Breaking a simple captcha with Python and Pillow

A while ago one of our long time customers approached us to automate tasks on a government portal. At least here most of them are kind of ugly, work on a specific set of browser versions and are painfully slow. We already helped him with problems like this before, so instead of having someone enter manually all the data they just populate a database and then our robot does all the work, simulating the actions on the web portal.

This one is a bit different, because they introduced a captcha in order to infuriate users (seriously, it looks like they don’t want people logging in).

Most of the time they look like this:

The first thing I tried was to remove the lines and feed the result into an ocr engine.
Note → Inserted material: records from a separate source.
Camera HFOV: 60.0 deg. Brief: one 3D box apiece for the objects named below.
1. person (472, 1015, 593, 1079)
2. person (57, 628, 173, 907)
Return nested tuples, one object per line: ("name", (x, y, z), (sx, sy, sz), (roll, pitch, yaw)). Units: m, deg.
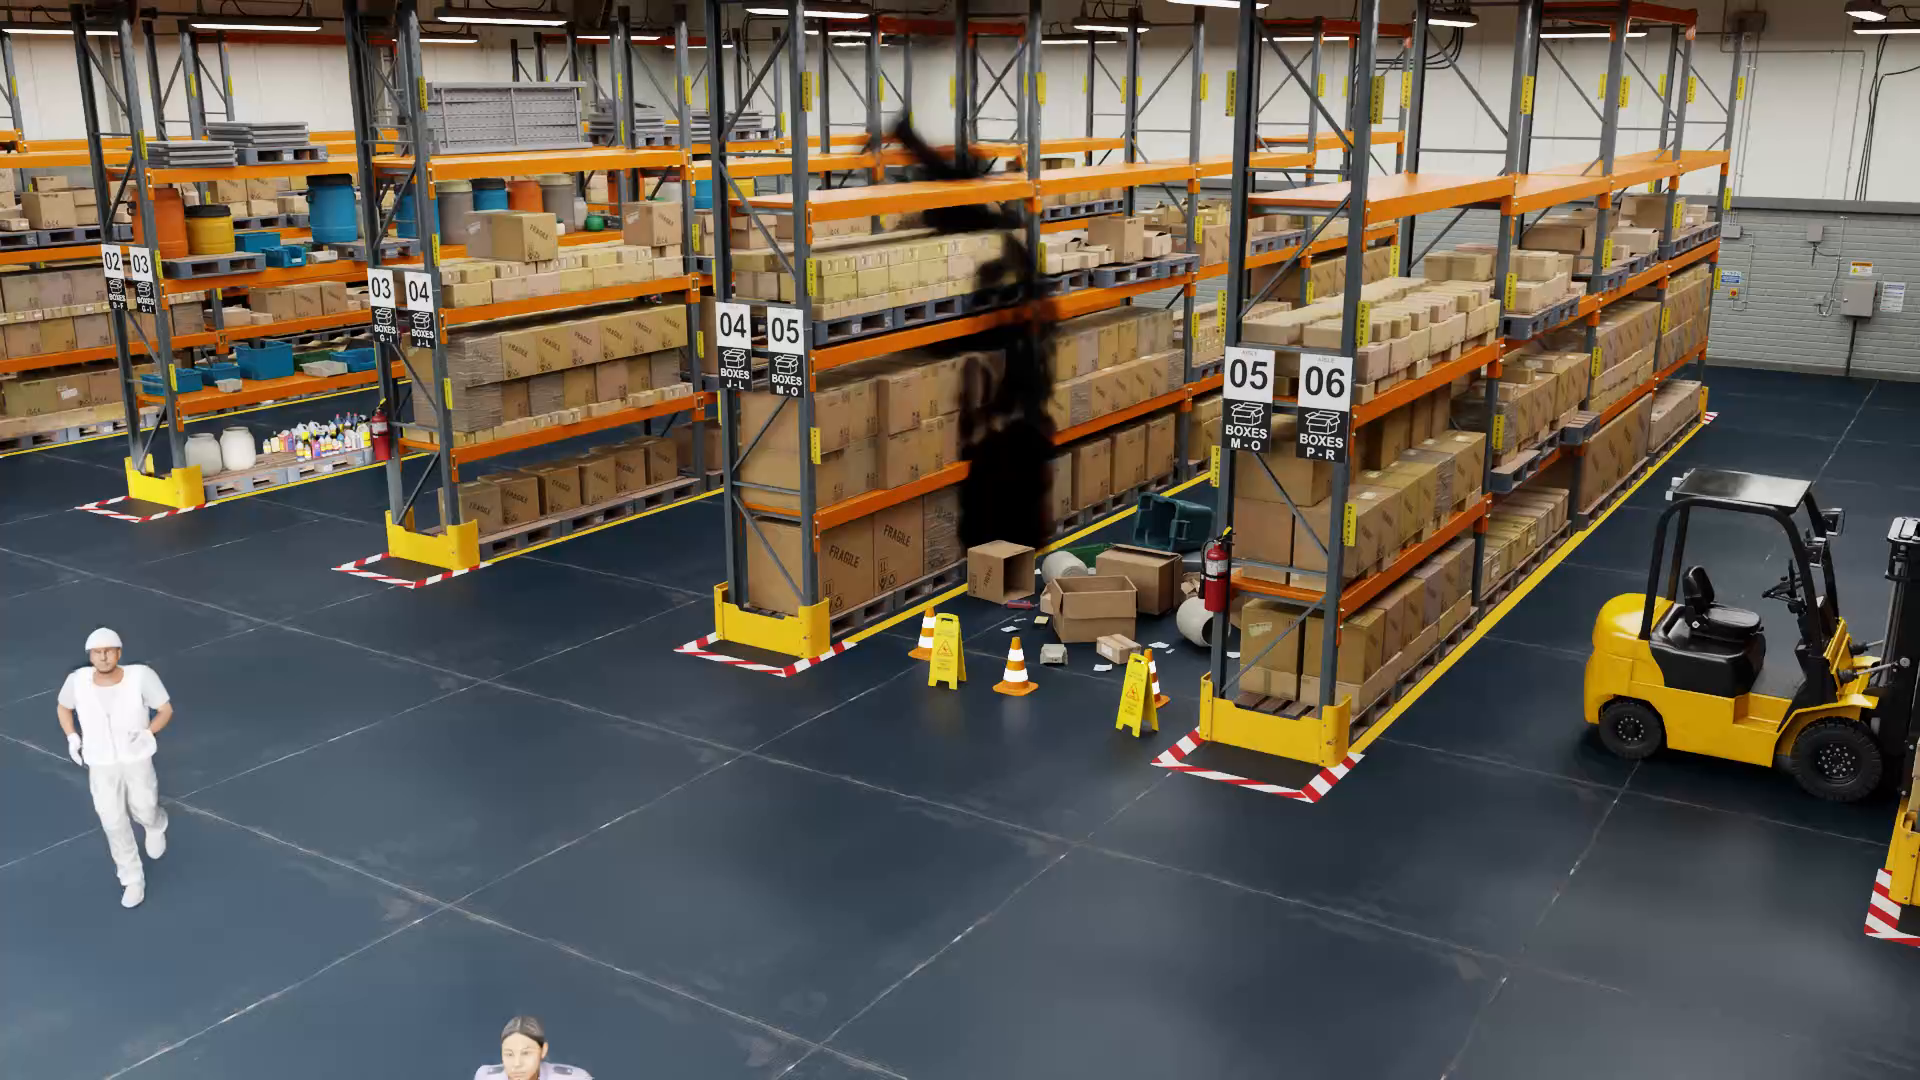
("person", (-1.668, 2.639, 6.689), (0.596, 1.700, 0.756), (-3, 16, -9))
("person", (-5.463, 1.415, 10.821), (0.688, 1.775, 0.804), (-6, 17, -19))

So I made a very simple filter using Pillow:


#!/usr/bin/python

from PIL import Image
import sys, os

def filter_lines(src):
    w,h = src.size

    stripes = []
    ss = {}

    for x in range(w):
        count = 0
        for y in range(h):
            if src.getpixel( (x,y) ) != (248, 255, 255):
                count += 1
        if count == h:
            stripes.append(x)

    for x in stripes:
        for y in range(h):
            src.putpixel( (x,y),  (248, 255, 255) )
    return src

if __name__ == '__main__':
    src = Image.open(sys.argv[1])
    region = filter_lines(src)
    region.save(sys.argv[2])

Now it looks better but after trying gocr and tesseract it still needs more work:

Just for kicks I decided to filter 100 images and overlap them, this is what I got:

That is interesting… I used this script (not the most efficient approach, but still..)


#!/usr/bin/python

from PIL import Image
import sys, os

dst = Image.new('RGB', (86, 21) )

w,h = 86, 21

for x in range(w):
    for y in range(h):
        dst.putpixel( (x,y),  (255, 255, 255) )

for idx in range(30):
    src = Image.open('filtradas/%i.bmp'%idx)

    for x in range(w):
        for y in range(h):
            if src.getpixel( (x,y) ) != (248, 255, 255):
                dst.putpixel( (x,y),  (255, 0, 0) )

dst.save('overlapeada.bmp')

With this piece of information I can focus my efforts on that area only.
That font, even distorted, looks quite familiar to me. And indeed it is, it’s Helvetica.
This makes the problem a lot easier.

I grabbed a bitmapped version of the same size and made a grid that shows were can a number land assuming 8×13 symbols:

This shows that there is a slightly overlap between digits.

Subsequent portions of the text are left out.